EXERCISE DATA START

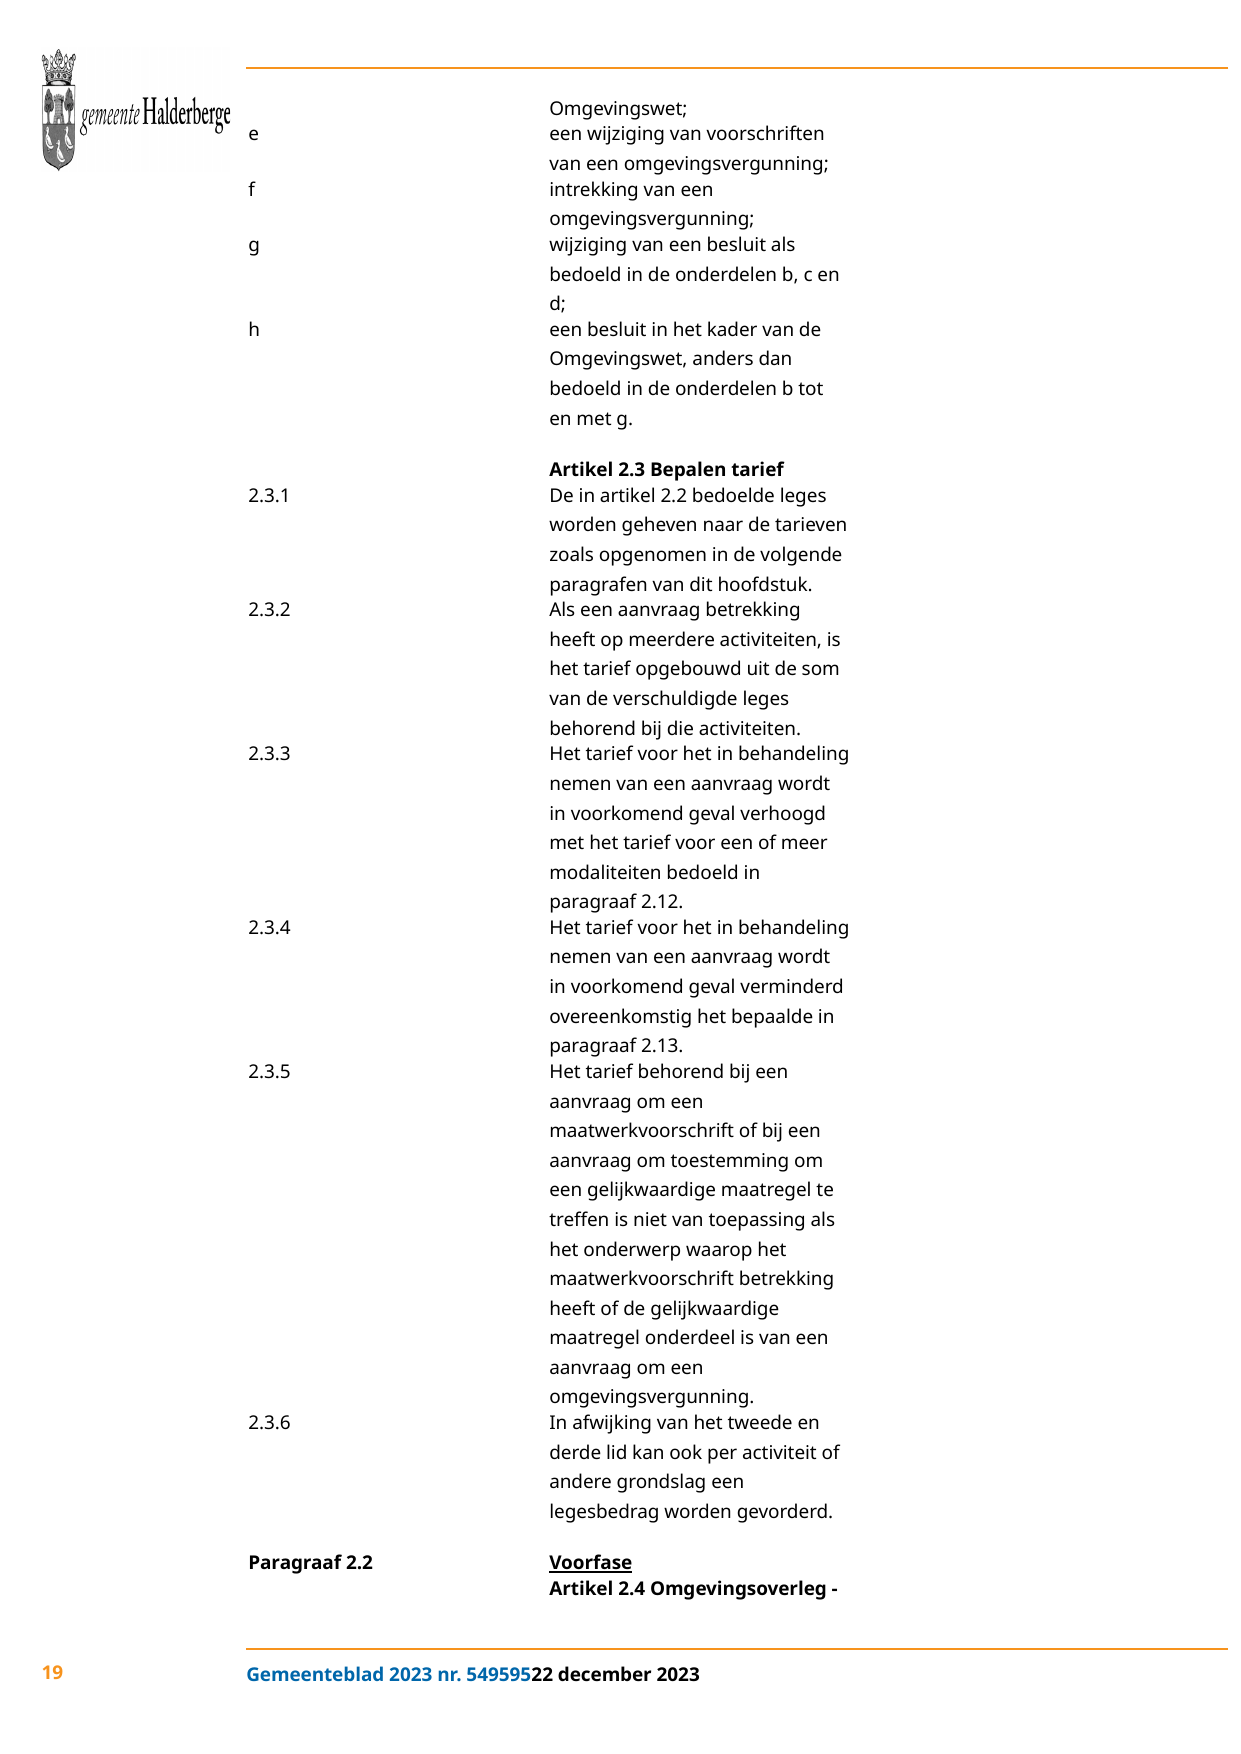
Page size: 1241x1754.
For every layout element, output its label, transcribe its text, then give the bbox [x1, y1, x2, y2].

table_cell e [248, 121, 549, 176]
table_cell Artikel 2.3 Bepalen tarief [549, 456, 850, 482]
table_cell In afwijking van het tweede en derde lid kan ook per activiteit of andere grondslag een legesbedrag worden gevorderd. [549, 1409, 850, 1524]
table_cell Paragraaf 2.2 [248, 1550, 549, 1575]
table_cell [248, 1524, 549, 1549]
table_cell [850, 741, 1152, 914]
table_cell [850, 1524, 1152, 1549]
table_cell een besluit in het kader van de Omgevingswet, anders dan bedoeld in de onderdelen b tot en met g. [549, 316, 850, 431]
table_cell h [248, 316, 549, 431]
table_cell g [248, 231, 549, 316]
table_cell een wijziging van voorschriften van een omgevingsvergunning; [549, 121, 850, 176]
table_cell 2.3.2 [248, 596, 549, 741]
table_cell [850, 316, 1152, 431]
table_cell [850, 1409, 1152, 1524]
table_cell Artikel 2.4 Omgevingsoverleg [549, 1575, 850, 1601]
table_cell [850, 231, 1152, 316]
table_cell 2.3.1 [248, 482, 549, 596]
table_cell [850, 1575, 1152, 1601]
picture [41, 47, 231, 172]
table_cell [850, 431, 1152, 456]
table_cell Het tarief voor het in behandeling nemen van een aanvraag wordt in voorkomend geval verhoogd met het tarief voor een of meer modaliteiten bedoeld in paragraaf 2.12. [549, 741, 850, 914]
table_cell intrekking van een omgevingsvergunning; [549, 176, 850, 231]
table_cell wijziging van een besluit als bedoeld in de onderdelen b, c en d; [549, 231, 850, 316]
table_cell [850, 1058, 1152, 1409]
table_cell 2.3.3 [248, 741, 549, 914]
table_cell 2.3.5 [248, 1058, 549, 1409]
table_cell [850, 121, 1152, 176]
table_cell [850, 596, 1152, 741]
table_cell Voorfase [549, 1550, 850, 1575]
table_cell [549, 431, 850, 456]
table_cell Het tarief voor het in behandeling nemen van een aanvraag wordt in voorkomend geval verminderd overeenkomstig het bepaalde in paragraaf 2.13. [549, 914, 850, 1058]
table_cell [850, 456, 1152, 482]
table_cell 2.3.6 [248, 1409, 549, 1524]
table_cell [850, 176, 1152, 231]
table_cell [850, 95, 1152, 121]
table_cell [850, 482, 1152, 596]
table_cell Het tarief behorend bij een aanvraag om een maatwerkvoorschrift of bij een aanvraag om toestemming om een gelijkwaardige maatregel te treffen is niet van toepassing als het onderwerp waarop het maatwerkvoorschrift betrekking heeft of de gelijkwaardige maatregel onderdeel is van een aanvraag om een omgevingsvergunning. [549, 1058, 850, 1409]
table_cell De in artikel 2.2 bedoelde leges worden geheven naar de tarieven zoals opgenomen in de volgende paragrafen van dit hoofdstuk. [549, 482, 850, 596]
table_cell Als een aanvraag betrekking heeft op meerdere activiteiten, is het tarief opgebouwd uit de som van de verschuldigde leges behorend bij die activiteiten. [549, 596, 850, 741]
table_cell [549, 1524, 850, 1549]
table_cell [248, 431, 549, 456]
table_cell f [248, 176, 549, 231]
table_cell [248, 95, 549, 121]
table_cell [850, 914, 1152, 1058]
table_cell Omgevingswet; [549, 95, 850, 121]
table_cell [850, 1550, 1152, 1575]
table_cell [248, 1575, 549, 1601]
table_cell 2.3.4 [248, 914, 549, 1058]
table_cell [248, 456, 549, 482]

EXERCISE DATA END

» **TASK REQUIREMENTS**
State how many lines in the records above contain the word "omgevingsvergunning", giving only the number.

» **PROBLEM SOLUTION**
3